Hardly anyone would argue that change and innovation are not necessary in insurance. The $5 trillion global insurance industry is large, complex and capital intensive. With various relatively untapped market segments and under-penetrated world regions, the onset of PE/VC investments did herald the beginning of buoyant sentiment for more dramatic change and innovation than the industry was known for.

As recently as 2016, the term insurtech didn’t evince interest on internet searches. In the ensuing period, it has gained hype and momentum. Investment activity moved to witness manifold increase at the early startup stages and increased intensity for scale-ups.

Unsurprisingly, researchers have identified insurance, capital markets and banking as sectors most ripe for disruptive innovation. Below is an Accenture chart that compares current level to future susceptibility. 

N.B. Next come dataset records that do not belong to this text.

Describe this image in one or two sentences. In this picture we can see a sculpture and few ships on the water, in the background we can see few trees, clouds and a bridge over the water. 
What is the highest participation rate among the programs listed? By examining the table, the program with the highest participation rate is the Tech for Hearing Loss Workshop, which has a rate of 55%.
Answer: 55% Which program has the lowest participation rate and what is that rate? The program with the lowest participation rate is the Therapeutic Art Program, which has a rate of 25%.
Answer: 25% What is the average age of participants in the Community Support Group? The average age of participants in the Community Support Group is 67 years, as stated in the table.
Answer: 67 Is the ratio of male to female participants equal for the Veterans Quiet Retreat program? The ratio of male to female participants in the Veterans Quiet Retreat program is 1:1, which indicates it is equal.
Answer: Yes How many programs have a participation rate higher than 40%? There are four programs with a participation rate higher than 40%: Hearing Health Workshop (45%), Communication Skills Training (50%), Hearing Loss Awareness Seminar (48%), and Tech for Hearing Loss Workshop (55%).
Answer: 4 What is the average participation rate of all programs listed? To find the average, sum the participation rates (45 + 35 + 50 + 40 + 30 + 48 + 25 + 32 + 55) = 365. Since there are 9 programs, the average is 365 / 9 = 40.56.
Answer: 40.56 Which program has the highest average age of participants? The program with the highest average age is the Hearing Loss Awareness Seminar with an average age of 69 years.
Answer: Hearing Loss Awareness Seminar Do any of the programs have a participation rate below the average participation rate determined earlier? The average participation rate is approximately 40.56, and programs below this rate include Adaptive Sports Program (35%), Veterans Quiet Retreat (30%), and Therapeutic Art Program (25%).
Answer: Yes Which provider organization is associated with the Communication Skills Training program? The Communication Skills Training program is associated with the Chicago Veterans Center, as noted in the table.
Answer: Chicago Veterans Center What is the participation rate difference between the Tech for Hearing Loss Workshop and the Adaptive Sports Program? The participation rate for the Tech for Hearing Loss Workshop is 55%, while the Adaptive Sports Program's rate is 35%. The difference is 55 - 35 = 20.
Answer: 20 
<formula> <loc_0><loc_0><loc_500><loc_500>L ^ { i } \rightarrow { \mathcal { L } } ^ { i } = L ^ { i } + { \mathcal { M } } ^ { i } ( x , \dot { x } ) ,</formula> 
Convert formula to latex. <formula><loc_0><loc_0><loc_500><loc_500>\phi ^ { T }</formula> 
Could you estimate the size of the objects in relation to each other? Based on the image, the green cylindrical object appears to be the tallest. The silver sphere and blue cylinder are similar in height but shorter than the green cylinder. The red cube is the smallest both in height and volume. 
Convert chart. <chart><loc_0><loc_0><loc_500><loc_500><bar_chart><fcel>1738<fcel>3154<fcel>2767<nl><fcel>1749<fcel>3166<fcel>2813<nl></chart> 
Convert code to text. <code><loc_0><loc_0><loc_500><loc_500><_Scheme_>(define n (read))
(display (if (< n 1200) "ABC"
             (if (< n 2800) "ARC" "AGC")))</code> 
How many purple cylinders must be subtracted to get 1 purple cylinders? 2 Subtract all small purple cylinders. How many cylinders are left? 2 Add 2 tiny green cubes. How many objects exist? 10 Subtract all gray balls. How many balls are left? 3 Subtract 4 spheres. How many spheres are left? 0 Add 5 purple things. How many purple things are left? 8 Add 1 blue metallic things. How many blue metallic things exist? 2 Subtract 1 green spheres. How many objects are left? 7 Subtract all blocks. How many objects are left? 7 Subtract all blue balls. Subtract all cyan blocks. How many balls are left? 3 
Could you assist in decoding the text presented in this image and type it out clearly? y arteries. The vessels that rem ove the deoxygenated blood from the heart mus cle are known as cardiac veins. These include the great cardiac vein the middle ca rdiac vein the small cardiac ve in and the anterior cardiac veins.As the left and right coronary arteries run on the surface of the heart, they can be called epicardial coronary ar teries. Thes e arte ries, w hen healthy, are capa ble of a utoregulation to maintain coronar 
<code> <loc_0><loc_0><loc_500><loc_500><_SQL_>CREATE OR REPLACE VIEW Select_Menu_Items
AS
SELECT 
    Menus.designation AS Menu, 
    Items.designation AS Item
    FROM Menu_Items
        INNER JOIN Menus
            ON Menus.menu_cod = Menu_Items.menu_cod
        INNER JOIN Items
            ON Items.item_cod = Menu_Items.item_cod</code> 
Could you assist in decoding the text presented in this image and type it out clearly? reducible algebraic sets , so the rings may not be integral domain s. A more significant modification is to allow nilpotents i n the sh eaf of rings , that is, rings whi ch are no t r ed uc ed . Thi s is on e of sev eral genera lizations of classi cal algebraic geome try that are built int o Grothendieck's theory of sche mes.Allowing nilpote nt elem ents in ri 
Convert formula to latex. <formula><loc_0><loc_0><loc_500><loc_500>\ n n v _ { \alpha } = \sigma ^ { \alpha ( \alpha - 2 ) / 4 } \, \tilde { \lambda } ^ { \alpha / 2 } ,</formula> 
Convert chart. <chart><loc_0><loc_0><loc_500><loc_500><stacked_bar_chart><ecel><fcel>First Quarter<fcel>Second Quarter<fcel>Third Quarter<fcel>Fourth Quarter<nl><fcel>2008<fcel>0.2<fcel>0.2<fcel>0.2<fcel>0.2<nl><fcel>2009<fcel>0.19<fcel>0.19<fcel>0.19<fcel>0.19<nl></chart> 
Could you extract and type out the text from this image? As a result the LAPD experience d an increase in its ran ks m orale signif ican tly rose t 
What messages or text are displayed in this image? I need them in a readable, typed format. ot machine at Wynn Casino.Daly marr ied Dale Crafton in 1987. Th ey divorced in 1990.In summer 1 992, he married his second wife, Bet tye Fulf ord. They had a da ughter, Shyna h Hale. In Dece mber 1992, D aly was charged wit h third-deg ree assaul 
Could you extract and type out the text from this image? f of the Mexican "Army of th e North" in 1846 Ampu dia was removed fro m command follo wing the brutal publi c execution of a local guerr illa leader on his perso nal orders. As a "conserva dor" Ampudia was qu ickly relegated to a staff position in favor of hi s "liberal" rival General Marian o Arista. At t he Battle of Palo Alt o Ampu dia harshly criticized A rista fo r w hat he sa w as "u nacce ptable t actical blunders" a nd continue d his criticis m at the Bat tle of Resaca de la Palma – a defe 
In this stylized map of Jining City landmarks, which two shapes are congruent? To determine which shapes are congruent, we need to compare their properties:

If you look back at insurance history, innovation was coupled with conservatism that dissuaded companies from latest fads and helped maintain capital for intended purposes. Such conservatism benefited most carriers during crises, but dampened the flexibility needed to survive and thrive later. Over the last few decades, more money was spent in technologies to keep up with regulations than for modernization.

The advent of technology companies has resulted in frenzied activity among incumbents to build similar capabilities, to scale and dominate their markets. But, as Yale University Professor Robert Shiller in a seminal article titled “Radical Financial Innovation” said, “Radical innovation requires serious experimentation, serious effort to find the precise form of financial or insurance structure that will perform well, serious effort to educate the potential clients about the new risk management tool, a commitment by innovators to make it work, and an involvement with other institutions and thought leaders to make the variety of changes possible to make the innovation succeed.”

This is not easy for carriers encumbered by large, slow-moving legacy organizations nor for the tech challengers who have jumped headlong to move the needle. Serious experimentation and efforts will take serious time. Educating clients about risk management tools will consume significant energies. The below Swiss Re chart shows, truly revolutionary technologies and propositions are at best a few years away.


It is an opportune reminder that not all such endeavors will succeed. The winners far from being standalone innovators, will be those that work closely with other organizations and ecosystem players.

Insurance is a sticky industry, with an average retention of 84% in 2018, according to OECD. But, customers today are more likely to switch providers that offer lower costs or better service. In fact, 77% of auto insurance customers are likely to shift to another provider, according to a JD Power Study.

With a vast underserved population, the threat looms of disruptive innovation by an upstart creating a low-cost product that, like the first automobile to hit the market, is derided in the short run,  but has far reaching consequences with time.

As the initial frenzy marginally dissipated and carriers collaborated with startups, fewer industry executives feel concerned about the speed of tech change, changing consumer behavior, or new market entrants. The shift towards collaboration has got both startups and legacy providers to realize that they gain from combining the former’s tech with the latter’s customer knowledge, risk understanding and capital strength.



In effect, incumbents see less existential threat from a new entrant. Instead, the threat might emanate from incumbents partnering with tech innovators, tech pioneers scooping up carriers to go full stack or tech giants leveraging distinctive competencies in tandem with incumbent majors. There is turmoil on the road ahead and  those that are constantly scanning the emerging trends, leveraging these and strategizing to build on their current market positions, will be most likely to thrive.